How to complete this task: How many of the lines below hold the string "param"? Say only the number.

Input material:
------

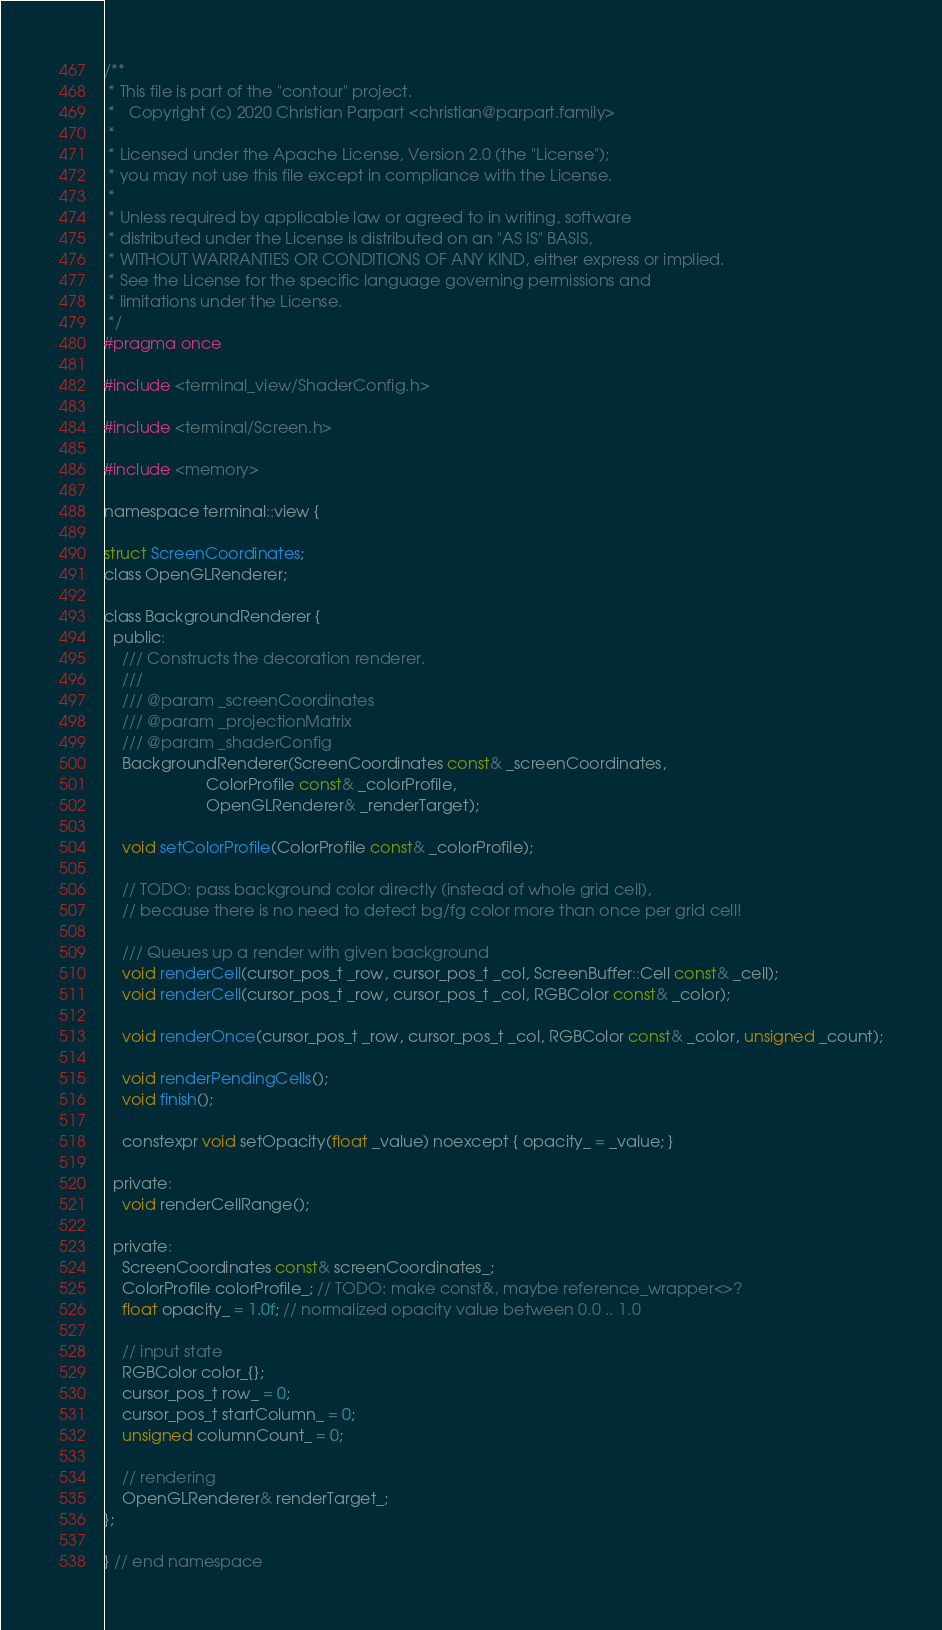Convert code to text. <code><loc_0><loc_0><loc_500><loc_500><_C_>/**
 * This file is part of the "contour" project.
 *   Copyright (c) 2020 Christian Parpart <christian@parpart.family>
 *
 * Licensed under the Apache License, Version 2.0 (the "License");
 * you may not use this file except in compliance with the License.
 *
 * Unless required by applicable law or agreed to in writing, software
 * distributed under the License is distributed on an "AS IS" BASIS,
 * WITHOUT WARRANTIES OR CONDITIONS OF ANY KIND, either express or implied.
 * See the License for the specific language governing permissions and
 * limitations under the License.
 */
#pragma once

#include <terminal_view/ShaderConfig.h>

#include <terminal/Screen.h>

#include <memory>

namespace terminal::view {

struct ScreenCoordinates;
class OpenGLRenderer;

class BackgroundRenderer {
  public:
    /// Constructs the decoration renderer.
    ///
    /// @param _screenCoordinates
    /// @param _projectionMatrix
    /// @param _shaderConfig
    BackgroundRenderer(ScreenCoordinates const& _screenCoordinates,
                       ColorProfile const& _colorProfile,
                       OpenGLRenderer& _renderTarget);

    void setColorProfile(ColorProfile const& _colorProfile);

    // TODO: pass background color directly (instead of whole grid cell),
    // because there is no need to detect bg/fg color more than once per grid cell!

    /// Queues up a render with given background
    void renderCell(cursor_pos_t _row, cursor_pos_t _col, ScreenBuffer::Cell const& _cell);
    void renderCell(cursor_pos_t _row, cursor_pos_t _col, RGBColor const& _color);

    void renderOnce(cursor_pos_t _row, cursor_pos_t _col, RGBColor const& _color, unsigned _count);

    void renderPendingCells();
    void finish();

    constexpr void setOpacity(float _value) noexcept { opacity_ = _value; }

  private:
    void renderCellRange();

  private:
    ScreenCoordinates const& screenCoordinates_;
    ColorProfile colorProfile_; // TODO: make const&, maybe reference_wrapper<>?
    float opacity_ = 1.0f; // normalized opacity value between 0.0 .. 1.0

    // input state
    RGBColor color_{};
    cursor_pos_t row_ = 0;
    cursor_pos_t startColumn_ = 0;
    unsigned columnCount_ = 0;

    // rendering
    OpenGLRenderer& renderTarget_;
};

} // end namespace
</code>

------

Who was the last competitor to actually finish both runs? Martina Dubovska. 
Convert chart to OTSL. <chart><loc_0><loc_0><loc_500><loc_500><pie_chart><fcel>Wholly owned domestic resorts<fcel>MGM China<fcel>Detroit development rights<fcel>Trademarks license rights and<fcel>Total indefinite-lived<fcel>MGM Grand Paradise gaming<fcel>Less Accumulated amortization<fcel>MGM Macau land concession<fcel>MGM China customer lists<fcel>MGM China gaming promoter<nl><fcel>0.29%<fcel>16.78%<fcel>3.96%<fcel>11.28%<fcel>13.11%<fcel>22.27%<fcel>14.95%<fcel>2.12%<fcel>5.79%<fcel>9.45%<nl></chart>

------

Completed task: 3